# St Barts Forums > Forum Pour Les Francophones >  >  Common French Phrases

## andynap

http://www.cntraveler.com/stories/20...ocial_facebook

----------


## amyb

Great start..I find that these simple phrases simply don't come to mind in a timely fashion. But I will keep trying....

----------


## stbartshopper

Ou est le salle de bain? is one we always have with us.

----------


## pascaleschmidt

Oh la la is used a lot especially in the south of france.... Ou sont les toilettes? nice to know that one...

----------


## GMP62

Great reference, Andy...thanks for sharing.

----------


## elgreaux

la salle de bain is for taking a bath...

----------


## cassidain

> la salle de bain is for taking a bath...

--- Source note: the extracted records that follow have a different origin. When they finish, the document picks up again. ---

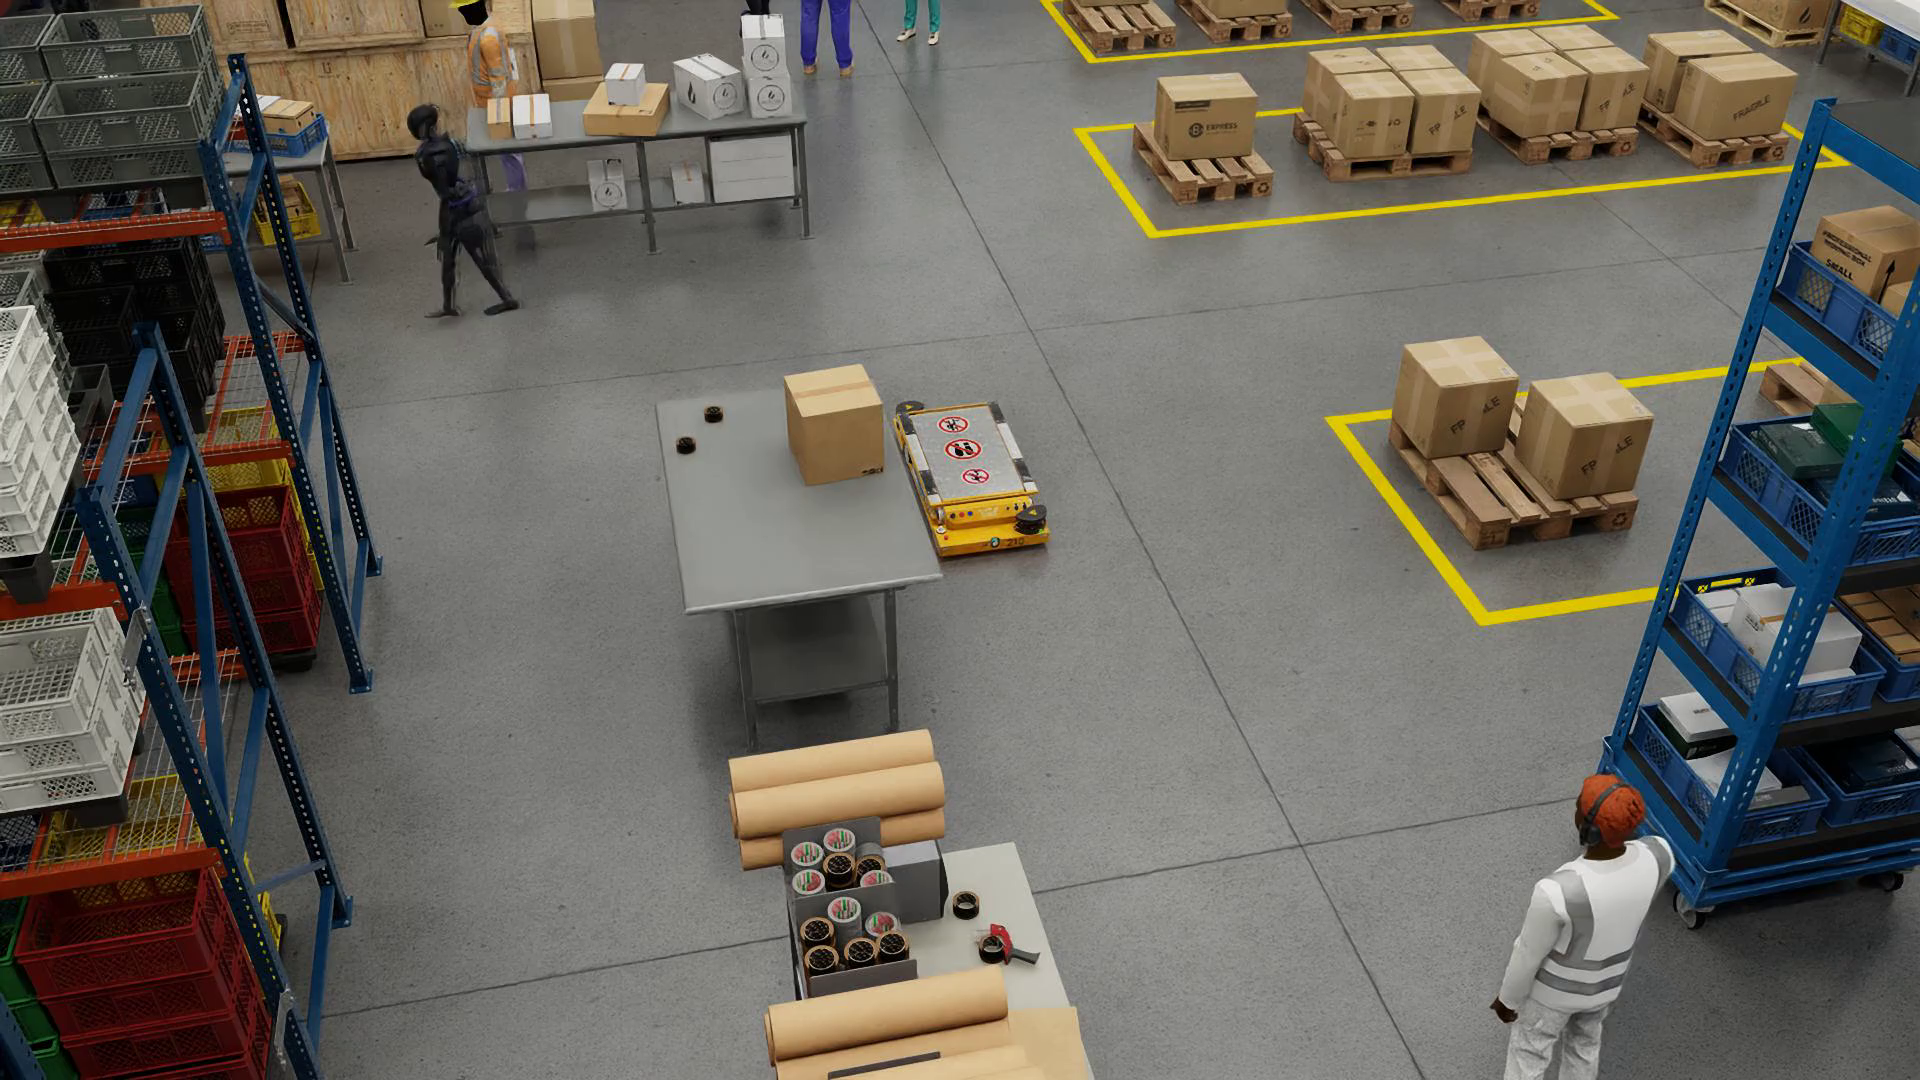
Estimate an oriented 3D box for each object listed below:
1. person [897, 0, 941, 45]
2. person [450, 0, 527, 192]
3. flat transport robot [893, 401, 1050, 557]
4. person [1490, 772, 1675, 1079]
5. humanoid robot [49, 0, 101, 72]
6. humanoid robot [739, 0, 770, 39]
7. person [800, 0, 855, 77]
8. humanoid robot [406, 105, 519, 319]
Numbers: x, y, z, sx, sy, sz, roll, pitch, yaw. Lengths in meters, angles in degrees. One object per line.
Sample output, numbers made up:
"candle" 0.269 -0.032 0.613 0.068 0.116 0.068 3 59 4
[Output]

moi, je préfère prendre une douche à la villa.  :cool:

----------


## elgreaux

> moi, je préfère prendre une douche à la villa.



Oui, il y a très peu de baignoires à St Barth.. pas assez d'eau...

----------


## KevinS

Many years ago I was hanging out on St Pierre ( http://www.st-pierre-et-miquelon.com/en/ ) at the same time as a University of Toronto French Immersion class was on the tiny island.  There were a few students looking for the salle de bain, who were gently educated that they were really looking for la toilette.  

Me, I can still taste the worldclass Cocquilles St Jacques that I had on St Pierre.  One night I even went for (early) First Dinner, and then again for (late) Second Dinner.  The scallops only got better the second time around.  Seafood in a fishing port - gotta be good!  Hmm, I do something similar with Mahi on St Barth, LOL.

The students from UoT were much more socially acceptable than the passengers, who I found years later, coming off of the Cats from SXM and calling out "Ou est la bibliothèque".

----------


## cassidain

> Oui, il y a très peu de baignoires à St Barth.. pas assez d'eau...



surtout pas aux restaurants  :cool:

----------


## cassidain

à propos, dit-on toujours "les vécés" (les WC) ? ou est-il une expression démodée ?

----------


## pascaleschmidt

> surtout pas aux restaurants



Ou les chiotes puent parfois.... :tongue:

----------


## pascaleschmidt

> à propos, dit-on toujours "les vécés" (les WC) ? ou est-il une expression démodée ?



Tu dis VC ou toilettes ou chiotes...(chiotes is a bit vulgar....)

----------


## stbartshopper

Thank you for the correction- now we will say- Ou est la toilette? instead of salle de bain.

----------